───── RAW DATA ─────
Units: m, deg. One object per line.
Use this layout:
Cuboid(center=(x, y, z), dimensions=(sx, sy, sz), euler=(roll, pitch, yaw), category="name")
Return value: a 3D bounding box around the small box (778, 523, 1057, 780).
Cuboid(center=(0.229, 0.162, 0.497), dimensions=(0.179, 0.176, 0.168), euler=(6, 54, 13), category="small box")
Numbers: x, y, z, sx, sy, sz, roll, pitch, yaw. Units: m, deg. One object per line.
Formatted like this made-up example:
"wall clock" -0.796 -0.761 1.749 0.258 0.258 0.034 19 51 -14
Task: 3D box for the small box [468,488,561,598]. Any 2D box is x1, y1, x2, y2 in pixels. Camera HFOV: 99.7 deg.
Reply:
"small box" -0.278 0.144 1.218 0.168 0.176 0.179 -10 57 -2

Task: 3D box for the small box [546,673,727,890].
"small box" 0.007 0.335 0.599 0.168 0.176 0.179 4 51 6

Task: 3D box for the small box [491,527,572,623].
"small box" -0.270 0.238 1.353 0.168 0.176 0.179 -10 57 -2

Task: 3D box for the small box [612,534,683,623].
─────
» TASK OBJECTIVE
What is needed is the number of lines above that include the string "roll", and nothing else.

» OUTPUT OF THE EXERCISE
2